Problem 5 ultimately outputs the optimal variable combination and executable warning thresholds

For variable selection, use a strategy of performance first with interpretability constraints. Exhaustively evaluate 6-choose-5 combinations or apply recursive feature elimination, then compare them using RMSE, MAE, and R². Since blasting-related variables are missing across large portions of the appendix data, they will likely be identified as low-contribution features.

For warning indicators, use displacement velocity as the unified metric and set thresholds by stage. In the slow stage, thresholds should be lower and prioritize sensitivity. In the rapid stage, thresholds should be higher and prioritize failure confirmation. You can define three alert levels using quantiles, the Fukuzono inverse-velocity concept, or stage-wise mean ± standard deviation.

AI Visual Insight: The figure may correspond to variable combinations or feature-importance comparisons, making it easy to see ranking differences in how rainfall, pore pressure, microseismic activity, and infiltration coefficient contribute to displacement prediction.

AI Visual Insight: The figure shows a warning-threshold partitioning method or velocity distribution boundaries. Technically, it is used to convert a continuous risk metric into discrete alert levels.

AI Visual Insight: The figure may illustrate response intervals or sample positions under different warning levels, which helps verify whether the thresholds are both discriminative and stable.

AI Visual Insight: This figure should show the final warning mechanism. The key is the closed-loop flow from monitoring data input to velocity calculation, stage identification, and yellow-orange-red alert output.

The key to a high-scoring solution is a unified narrative loop

The best answer does not treat each subproblem as an isolated model. Instead, it emphasizes the progression from a trustworthy displacement baseline to reliable stage labels, clean multi-source features, stage-wise forecasting, and velocity-based warning. This makes the paper read like an engineering system rather than a collection of disconnected solutions.

For a stronger implementation-oriented write-up, add four result types: a calibration error table, a change point index table, an anomaly count table, and an experimental-set prediction table. These directly correspond to the main scoring points of the problem.

FAQ

Q: Why should Problem 2 not perform change point detection directly on raw displacement?

A: Raw displacement is usually monotonically cumulative, so the long-term trend can mask local stage changes.

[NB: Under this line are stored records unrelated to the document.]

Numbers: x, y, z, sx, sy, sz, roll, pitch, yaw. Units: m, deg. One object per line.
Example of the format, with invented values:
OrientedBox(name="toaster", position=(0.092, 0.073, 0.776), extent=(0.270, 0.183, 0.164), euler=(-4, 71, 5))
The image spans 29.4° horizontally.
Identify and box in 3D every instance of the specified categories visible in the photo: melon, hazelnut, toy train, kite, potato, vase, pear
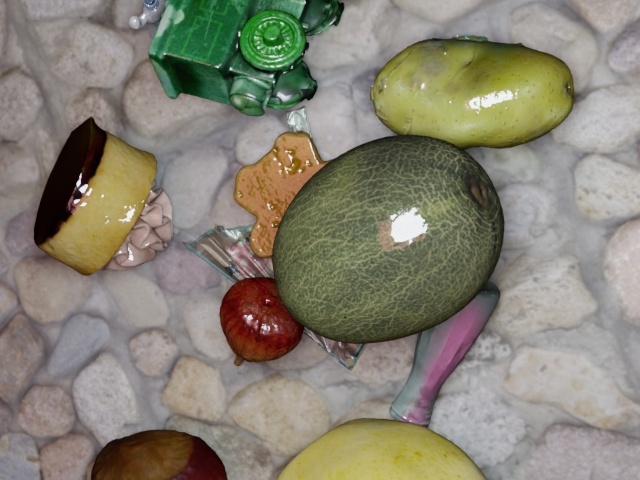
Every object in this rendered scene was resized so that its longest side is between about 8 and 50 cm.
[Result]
OrientedBox(name="melon", position=(0.075, 0.002, 1.478), extent=(0.301, 0.237, 0.237), euler=(-29, 87, 36))
OrientedBox(name="hazelnut", position=(-0.234, 0.346, 1.705), extent=(0.201, 0.160, 0.170), euler=(3, 82, 53))
OrientedBox(name="toy train", position=(-0.086, -0.289, 1.568), extent=(0.201, 0.145, 0.266), euler=(16, 73, 9))
OrientedBox(name="kite", position=(0.000, 0.000, 1.666), extent=(0.406, 0.014, 0.368), euler=(-11, 92, 17))
OrientedBox(name="potato", position=(0.190, -0.184, 1.515), extent=(0.248, 0.169, 0.143), euler=(2, 117, 22))
OrientedBox(name="vase", position=(0.156, 0.144, 1.603), extent=(0.086, 0.086, 0.214), euler=(26, 106, 12))
OrientedBox(name="pear", position=(0.075, 0.368, 1.537), extent=(0.309, 0.309, 0.309), euler=(2, 96, 16))

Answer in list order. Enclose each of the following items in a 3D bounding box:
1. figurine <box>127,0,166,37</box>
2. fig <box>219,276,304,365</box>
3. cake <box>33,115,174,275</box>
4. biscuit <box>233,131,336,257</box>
OrientedBox(name="figurine", position=(-0.214, -0.315, 1.660), extent=(0.082, 0.086, 0.094), euler=(28, 102, 14))
OrientedBox(name="fig", position=(-0.098, 0.117, 1.648), extent=(0.153, 0.119, 0.119), euler=(-32, 86, 29))
OrientedBox(name="cake", position=(-0.276, -0.045, 1.666), extent=(0.178, 0.185, 0.208), euler=(20, 100, -23))
OrientedBox(name="biscuit", position=(-0.005, -0.024, 1.639), extent=(0.184, 0.035, 0.249), euler=(-42, 84, 13))

Running change point detection on smoothed velocity or increment series makes it easier to identify structural transitions from slow to accelerated deformation.

Q: Why can Problem 3 not use a single linear interpolation strategy for all missing values?

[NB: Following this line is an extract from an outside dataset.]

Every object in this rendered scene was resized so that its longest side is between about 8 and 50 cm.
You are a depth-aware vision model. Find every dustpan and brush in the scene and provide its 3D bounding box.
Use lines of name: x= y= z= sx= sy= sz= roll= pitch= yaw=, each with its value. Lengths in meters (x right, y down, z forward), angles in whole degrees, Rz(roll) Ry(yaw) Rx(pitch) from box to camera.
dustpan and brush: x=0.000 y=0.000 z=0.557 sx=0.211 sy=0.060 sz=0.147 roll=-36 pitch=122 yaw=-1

A: Because rainfall, microseismic activity, pore pressure, and displacement follow different statistical mechanisms. A uniform linear interpolation approach would flatten pulse events and cross-variable coupling, which would distort downstream anomaly detection and forecasting models.

Q: How can the warning thresholds in Problem 5 be justified?

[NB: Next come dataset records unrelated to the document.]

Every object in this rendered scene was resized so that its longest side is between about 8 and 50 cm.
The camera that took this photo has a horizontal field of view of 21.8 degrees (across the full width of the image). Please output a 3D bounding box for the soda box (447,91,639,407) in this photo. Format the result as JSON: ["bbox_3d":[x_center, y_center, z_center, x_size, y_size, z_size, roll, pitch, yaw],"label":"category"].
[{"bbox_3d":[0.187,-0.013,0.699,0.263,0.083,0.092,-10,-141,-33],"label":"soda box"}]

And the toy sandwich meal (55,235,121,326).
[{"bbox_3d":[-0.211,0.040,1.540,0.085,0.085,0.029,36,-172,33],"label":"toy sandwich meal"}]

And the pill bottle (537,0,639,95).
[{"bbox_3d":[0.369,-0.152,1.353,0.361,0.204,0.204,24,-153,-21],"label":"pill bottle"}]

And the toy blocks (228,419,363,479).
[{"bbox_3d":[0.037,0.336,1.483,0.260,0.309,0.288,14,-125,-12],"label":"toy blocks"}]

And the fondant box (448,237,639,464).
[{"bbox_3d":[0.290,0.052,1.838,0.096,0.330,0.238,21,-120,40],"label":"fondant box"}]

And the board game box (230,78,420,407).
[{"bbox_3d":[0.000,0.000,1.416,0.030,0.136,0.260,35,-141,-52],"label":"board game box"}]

A: You can justify them from three perspectives: differences in stage-wise velocity distributions, hit rate on historical anomaly points, and the false-positive/false-negative tradeoff under different thresholds. If you also incorporate inverse-velocity critical trends, the engineering argument becomes even more convincing.

Core Summary: This article reconstructs the May Day Mathematical Modeling C Problem as a directly implementable technical solution. It covers fiber optic displacement meter calibration, three-stage deformation identification, multi-source monitoring data denoising and imputation, stage-wise displacement forecasting, optimal variable combination selection, and warning-threshold design. It is suitable for paper writing, code implementation, and defense preparation.